### EXERCISE
Only lines with the word "Across" belong in the answer; copy them from the records below.

Stored items
>>>
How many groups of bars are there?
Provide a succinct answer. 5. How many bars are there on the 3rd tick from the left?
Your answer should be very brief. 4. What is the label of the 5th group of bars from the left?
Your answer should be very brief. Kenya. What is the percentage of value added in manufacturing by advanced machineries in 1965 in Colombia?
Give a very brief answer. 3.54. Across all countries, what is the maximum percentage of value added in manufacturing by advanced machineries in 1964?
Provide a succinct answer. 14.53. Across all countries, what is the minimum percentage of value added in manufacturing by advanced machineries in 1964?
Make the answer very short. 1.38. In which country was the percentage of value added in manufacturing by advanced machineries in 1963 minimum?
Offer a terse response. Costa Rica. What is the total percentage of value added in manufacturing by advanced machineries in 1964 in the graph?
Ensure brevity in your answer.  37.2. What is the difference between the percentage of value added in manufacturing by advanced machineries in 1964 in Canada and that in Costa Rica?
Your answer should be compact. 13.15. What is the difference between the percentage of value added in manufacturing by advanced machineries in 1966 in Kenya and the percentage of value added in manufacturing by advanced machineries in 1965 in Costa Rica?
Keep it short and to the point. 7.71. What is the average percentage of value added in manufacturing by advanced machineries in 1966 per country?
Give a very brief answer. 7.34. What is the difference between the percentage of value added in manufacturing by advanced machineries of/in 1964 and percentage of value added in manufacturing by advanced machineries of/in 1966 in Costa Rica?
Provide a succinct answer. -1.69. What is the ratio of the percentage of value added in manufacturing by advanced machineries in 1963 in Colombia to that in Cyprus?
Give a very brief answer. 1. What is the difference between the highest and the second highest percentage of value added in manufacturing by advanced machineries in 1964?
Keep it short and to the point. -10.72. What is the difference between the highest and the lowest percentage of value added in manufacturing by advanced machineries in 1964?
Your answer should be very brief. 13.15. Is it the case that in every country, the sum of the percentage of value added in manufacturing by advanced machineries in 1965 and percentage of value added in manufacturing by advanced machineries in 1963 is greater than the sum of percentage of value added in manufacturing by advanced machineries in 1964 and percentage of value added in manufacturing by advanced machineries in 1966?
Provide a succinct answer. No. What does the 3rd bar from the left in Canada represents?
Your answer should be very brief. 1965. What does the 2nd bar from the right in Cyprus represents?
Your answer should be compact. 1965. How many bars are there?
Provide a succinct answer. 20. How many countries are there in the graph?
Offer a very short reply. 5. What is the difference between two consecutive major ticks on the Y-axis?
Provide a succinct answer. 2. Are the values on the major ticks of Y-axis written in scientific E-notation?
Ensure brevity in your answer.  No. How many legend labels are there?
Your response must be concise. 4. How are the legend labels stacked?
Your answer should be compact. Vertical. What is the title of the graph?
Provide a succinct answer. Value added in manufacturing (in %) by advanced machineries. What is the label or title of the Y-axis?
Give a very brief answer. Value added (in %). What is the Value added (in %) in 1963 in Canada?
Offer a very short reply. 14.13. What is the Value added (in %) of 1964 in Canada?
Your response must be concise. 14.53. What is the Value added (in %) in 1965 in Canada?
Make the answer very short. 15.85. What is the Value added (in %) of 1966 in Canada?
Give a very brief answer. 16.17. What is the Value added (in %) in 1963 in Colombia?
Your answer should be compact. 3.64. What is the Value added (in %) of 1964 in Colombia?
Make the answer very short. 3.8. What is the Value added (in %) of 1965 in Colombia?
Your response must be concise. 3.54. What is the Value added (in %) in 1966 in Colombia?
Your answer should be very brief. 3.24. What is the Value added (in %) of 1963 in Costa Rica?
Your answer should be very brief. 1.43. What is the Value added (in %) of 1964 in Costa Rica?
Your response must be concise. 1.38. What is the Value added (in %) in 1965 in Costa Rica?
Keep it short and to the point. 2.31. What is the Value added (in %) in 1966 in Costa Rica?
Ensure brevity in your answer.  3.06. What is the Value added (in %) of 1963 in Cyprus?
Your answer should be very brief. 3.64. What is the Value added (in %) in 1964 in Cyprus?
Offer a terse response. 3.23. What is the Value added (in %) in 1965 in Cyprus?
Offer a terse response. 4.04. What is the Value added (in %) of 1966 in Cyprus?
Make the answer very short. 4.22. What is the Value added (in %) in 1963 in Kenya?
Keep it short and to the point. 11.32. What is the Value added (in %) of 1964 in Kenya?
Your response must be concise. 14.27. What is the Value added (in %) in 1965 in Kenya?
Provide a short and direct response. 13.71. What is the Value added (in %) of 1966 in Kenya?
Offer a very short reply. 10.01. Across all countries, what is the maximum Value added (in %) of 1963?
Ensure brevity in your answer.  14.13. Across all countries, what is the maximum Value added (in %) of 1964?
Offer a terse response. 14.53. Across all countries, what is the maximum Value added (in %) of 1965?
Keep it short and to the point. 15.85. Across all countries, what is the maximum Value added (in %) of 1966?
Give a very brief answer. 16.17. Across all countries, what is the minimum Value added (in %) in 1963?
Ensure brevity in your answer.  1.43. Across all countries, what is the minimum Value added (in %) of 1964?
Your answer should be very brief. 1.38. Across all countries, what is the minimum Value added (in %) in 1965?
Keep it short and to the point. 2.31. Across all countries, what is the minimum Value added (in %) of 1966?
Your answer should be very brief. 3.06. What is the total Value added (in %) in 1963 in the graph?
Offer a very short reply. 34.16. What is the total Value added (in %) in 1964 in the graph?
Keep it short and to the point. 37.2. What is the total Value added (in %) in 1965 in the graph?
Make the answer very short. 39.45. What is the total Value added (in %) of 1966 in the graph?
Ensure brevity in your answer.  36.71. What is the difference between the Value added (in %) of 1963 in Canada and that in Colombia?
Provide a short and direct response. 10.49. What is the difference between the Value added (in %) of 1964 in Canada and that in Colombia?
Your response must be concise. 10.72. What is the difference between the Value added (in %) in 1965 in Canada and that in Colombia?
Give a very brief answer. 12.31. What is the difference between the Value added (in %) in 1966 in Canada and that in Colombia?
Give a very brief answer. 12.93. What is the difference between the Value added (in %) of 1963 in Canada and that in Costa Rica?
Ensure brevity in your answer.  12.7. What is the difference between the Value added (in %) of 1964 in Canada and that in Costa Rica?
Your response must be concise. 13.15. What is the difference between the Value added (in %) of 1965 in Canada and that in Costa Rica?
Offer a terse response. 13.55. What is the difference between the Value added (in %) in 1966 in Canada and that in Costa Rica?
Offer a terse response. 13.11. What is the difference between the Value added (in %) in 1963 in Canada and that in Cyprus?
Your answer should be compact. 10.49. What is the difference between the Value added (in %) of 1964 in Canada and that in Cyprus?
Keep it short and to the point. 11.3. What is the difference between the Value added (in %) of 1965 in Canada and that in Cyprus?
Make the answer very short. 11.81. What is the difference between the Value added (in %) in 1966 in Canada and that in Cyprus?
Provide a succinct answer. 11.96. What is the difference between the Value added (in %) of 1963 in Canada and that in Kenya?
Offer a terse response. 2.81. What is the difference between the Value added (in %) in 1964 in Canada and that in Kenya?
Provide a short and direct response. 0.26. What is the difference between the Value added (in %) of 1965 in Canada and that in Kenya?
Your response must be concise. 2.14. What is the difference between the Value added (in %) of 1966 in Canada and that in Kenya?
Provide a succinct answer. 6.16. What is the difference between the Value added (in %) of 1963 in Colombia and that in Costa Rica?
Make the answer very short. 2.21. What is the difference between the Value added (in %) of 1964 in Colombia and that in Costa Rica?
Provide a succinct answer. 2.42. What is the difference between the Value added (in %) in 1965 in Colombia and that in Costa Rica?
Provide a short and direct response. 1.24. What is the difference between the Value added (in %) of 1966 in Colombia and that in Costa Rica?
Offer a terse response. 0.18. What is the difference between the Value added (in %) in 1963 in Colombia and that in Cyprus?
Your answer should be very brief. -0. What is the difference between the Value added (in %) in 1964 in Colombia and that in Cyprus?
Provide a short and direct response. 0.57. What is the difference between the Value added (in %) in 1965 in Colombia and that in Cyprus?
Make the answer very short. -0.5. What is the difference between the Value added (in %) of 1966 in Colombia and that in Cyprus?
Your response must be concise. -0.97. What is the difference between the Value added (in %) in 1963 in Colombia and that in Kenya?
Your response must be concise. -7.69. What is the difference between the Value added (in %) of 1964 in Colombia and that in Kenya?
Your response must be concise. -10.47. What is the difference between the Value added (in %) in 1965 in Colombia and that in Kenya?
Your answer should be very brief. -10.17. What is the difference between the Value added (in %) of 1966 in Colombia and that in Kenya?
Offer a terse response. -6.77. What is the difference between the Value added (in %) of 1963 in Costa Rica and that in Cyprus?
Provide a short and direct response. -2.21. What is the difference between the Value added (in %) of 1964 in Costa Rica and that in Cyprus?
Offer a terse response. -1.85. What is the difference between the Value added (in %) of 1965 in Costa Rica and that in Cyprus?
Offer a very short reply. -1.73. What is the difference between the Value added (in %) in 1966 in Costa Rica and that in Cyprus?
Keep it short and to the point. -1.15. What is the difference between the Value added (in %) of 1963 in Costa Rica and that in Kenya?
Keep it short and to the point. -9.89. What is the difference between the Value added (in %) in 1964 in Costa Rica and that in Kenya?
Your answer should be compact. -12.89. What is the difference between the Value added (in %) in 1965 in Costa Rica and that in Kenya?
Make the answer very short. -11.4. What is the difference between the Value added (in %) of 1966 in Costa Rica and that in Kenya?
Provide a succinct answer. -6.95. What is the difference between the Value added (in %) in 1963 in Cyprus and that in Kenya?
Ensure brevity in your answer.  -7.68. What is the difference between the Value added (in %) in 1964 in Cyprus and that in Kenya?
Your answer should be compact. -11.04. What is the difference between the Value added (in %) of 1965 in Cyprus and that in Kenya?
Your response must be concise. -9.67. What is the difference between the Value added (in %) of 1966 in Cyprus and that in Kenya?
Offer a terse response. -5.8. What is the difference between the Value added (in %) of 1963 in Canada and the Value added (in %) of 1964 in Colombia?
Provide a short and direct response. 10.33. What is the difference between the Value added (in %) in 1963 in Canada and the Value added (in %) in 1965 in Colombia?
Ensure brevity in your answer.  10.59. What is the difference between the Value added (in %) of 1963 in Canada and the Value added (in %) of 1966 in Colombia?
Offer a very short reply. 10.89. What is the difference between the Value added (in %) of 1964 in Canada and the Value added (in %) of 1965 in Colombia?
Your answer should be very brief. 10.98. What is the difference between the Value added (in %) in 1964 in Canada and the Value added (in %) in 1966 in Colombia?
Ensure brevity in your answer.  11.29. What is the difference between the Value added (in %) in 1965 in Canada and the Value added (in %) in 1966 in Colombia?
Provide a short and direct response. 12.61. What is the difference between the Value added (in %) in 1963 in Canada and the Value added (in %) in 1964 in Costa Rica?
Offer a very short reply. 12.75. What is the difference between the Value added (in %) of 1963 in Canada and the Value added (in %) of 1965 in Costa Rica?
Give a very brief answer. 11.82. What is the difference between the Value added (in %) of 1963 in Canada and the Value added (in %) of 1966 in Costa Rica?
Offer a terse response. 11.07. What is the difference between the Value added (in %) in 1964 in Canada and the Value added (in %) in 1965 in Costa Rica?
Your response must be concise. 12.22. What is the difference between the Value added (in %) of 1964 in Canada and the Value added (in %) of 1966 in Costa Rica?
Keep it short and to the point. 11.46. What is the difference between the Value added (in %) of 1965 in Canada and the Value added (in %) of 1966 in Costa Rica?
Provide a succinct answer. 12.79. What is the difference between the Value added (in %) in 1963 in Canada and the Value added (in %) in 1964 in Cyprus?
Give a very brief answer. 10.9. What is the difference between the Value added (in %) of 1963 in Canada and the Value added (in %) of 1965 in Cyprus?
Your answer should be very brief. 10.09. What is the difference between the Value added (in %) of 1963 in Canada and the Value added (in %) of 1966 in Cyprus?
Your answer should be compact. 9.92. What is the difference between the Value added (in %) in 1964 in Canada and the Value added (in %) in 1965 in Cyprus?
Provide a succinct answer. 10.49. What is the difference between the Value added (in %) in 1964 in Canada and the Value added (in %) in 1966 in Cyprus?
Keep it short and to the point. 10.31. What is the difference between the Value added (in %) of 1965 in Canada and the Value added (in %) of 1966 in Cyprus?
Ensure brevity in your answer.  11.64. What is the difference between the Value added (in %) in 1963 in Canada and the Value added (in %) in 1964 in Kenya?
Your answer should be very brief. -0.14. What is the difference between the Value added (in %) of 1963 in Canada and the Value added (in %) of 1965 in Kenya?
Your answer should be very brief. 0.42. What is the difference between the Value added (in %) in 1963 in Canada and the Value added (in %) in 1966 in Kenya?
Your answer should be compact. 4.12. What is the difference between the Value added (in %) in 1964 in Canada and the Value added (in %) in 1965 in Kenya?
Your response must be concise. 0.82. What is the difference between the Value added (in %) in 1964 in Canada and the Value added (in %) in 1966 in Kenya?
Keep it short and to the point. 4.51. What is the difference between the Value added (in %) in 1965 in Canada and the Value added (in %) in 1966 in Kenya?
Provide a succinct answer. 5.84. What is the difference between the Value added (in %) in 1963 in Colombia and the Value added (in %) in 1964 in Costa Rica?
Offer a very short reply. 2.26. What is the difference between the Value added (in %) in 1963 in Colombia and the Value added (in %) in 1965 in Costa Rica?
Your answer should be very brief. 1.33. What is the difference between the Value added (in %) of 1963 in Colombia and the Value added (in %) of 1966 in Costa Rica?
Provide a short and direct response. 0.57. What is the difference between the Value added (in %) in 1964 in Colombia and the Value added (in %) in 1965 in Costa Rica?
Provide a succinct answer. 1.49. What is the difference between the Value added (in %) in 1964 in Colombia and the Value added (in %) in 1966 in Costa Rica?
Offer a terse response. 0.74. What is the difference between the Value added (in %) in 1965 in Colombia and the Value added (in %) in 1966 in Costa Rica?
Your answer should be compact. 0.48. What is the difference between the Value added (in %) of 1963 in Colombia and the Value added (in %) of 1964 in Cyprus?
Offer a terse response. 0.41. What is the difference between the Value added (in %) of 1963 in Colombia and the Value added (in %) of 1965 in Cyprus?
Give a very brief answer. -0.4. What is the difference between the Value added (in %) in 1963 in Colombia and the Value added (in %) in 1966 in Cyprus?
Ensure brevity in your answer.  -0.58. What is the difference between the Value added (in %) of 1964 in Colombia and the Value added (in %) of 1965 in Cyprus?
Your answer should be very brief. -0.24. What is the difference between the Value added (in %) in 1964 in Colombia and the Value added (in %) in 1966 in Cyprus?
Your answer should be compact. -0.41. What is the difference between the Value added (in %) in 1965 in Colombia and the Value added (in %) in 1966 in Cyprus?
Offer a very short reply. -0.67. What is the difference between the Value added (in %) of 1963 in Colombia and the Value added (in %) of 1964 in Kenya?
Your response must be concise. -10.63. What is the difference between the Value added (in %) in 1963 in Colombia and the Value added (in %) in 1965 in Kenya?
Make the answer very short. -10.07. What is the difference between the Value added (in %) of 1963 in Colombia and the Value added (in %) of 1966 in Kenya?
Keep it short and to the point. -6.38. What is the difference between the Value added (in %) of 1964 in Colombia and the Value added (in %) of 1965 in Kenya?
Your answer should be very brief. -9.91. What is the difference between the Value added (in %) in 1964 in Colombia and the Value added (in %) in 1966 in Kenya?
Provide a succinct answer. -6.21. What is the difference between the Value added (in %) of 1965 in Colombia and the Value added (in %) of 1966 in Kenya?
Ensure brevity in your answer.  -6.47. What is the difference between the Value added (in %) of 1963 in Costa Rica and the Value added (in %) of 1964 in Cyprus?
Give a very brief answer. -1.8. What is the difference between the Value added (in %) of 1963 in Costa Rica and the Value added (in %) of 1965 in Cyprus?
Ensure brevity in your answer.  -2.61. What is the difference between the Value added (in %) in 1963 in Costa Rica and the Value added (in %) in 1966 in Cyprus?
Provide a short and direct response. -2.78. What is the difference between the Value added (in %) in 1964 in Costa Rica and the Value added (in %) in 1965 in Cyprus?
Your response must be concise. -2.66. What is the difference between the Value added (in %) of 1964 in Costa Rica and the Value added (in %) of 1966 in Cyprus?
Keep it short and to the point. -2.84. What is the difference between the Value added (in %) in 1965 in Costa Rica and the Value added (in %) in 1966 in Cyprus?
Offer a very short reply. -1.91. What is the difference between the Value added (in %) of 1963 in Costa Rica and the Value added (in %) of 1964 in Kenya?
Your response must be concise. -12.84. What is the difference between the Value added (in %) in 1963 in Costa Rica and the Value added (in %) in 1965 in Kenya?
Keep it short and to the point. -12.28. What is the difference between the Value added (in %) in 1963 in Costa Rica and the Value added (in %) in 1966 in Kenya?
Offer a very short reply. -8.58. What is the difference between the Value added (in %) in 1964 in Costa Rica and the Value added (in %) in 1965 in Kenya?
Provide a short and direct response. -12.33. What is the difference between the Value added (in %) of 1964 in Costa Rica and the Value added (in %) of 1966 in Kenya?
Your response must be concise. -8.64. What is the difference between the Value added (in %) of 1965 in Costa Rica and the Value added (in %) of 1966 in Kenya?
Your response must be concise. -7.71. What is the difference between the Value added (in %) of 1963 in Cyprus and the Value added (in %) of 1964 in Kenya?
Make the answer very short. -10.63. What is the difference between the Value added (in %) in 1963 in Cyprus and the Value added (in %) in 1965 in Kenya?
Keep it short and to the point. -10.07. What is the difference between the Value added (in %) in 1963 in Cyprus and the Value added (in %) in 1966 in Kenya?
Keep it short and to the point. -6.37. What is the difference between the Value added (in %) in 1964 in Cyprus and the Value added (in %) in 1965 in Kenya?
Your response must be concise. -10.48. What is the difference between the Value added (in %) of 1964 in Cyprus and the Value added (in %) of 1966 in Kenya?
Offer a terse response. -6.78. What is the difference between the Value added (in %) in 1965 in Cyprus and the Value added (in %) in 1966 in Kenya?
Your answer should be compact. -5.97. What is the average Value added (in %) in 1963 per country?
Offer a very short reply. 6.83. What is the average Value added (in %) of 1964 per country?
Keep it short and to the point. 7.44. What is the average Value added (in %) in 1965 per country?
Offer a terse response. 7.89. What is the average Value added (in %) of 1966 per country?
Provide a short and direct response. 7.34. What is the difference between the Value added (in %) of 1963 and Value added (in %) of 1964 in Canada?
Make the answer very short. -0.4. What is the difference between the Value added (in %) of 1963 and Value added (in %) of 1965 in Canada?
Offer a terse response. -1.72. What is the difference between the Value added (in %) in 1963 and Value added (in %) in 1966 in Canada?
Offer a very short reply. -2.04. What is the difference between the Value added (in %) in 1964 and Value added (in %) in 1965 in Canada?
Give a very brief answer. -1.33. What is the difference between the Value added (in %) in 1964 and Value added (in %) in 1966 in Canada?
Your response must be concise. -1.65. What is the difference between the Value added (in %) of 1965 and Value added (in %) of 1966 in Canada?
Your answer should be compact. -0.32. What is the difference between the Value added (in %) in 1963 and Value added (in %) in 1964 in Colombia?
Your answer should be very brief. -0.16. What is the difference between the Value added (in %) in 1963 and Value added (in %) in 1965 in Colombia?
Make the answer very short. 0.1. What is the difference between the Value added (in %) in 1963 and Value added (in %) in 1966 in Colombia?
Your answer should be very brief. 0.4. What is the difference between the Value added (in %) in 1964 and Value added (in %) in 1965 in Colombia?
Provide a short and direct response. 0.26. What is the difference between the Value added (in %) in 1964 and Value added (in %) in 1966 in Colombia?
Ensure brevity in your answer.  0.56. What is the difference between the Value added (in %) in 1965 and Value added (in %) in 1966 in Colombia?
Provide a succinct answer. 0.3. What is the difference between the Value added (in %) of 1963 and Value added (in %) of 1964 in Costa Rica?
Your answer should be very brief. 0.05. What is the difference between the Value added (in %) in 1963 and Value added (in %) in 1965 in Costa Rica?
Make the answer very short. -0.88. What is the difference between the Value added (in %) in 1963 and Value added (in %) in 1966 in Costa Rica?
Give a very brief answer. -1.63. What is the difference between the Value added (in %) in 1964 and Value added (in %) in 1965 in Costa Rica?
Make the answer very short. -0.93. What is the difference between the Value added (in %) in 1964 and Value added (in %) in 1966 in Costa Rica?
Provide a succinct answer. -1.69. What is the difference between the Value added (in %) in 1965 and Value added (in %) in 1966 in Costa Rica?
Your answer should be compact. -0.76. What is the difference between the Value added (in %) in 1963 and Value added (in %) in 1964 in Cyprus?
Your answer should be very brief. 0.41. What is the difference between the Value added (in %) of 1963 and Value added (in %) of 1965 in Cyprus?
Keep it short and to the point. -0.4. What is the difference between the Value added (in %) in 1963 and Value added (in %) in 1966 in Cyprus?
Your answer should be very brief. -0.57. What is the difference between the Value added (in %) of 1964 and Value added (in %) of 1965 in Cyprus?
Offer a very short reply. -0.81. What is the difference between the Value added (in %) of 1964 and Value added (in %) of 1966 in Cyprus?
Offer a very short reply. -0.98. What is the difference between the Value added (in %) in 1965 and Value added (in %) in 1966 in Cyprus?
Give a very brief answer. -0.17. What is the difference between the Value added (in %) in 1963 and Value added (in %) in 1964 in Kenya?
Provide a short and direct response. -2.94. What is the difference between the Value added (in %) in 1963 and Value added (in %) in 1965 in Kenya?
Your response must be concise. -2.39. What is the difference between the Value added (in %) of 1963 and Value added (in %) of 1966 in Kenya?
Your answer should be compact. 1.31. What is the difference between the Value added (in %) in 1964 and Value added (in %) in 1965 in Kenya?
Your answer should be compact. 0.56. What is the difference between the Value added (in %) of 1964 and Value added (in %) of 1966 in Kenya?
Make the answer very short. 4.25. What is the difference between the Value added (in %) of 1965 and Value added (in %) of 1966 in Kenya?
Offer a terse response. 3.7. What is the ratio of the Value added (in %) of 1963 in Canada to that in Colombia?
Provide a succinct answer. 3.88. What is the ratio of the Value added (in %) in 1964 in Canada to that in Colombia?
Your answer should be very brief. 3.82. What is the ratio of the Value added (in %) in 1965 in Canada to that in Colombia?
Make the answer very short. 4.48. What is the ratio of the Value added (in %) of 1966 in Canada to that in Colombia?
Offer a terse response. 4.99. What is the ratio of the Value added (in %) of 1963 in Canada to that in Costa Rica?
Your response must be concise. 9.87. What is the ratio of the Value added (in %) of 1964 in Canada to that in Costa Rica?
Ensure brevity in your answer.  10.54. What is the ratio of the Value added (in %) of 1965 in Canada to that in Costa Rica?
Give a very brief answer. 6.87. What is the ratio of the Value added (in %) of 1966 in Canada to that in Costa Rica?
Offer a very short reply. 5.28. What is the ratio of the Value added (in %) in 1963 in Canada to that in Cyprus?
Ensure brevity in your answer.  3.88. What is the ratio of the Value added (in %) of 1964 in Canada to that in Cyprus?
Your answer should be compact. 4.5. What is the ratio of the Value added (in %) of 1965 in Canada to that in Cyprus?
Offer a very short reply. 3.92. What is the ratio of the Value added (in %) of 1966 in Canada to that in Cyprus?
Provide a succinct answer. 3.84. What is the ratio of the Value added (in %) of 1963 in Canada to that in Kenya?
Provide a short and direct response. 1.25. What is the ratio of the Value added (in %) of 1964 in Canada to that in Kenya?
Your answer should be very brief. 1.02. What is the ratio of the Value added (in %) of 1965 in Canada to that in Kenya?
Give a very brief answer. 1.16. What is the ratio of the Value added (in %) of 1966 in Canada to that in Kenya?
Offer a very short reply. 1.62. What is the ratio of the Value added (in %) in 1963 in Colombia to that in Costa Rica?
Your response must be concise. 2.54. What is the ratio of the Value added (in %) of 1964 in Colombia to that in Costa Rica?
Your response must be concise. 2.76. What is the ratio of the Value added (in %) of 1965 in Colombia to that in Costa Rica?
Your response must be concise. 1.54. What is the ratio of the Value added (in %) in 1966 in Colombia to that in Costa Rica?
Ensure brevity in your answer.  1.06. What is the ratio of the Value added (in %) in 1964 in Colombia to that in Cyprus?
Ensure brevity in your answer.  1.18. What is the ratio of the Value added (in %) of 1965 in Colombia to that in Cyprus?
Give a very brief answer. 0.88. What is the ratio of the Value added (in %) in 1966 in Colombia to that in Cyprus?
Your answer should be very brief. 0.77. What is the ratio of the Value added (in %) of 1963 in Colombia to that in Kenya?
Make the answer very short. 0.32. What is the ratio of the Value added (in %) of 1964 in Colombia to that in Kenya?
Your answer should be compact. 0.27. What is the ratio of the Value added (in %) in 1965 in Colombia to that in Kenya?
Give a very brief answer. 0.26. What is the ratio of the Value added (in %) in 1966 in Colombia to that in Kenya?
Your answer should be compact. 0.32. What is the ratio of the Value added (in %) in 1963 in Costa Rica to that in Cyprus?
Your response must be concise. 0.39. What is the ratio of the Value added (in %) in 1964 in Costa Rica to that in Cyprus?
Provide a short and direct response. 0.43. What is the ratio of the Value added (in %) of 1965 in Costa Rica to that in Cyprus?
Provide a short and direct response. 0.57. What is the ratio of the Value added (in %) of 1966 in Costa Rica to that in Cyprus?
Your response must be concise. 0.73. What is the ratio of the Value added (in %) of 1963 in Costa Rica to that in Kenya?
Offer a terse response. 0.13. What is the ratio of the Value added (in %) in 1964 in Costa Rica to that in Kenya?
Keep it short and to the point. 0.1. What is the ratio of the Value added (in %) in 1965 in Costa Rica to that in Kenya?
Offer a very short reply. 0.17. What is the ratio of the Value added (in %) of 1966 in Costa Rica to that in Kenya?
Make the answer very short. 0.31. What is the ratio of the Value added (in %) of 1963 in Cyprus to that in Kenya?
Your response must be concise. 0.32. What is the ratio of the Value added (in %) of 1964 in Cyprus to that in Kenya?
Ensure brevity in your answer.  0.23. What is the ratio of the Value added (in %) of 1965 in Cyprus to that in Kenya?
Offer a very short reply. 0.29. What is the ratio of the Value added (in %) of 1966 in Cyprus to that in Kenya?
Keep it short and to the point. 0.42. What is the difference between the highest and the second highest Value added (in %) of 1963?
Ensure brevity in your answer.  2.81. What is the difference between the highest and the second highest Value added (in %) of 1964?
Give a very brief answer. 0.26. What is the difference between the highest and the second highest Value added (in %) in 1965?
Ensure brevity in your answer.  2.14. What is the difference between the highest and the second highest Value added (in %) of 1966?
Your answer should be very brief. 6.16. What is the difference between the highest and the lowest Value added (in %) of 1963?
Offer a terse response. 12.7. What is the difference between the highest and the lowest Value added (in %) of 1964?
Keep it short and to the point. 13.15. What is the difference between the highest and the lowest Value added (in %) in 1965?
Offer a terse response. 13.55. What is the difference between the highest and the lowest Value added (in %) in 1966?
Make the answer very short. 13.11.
<<<
### RESPONSE TO THIS TASK
Give a very brief answer. 3.54. Across all countries, what is the maximum percentage of value added in manufacturing by advanced machineries in 1964?
Provide a succinct answer. 14.53. Across all countries, what is the minimum percentage of value added in manufacturing by advanced machineries in 1964?
Offer a very short reply. 10.01. Across all countries, what is the maximum Value added (in %) of 1963?
Ensure brevity in your answer.  14.13. Across all countries, what is the maximum Value added (in %) of 1964?
Offer a terse response. 14.53. Across all countries, what is the maximum Value added (in %) of 1965?
Keep it short and to the point. 15.85. Across all countries, what is the maximum Value added (in %) of 1966?
Give a very brief answer. 16.17. Across all countries, what is the minimum Value added (in %) in 1963?
Ensure brevity in your answer.  1.43. Across all countries, what is the minimum Value added (in %) of 1964?
Your answer should be very brief. 1.38. Across all countries, what is the minimum Value added (in %) in 1965?
Keep it short and to the point. 2.31. Across all countries, what is the minimum Value added (in %) of 1966?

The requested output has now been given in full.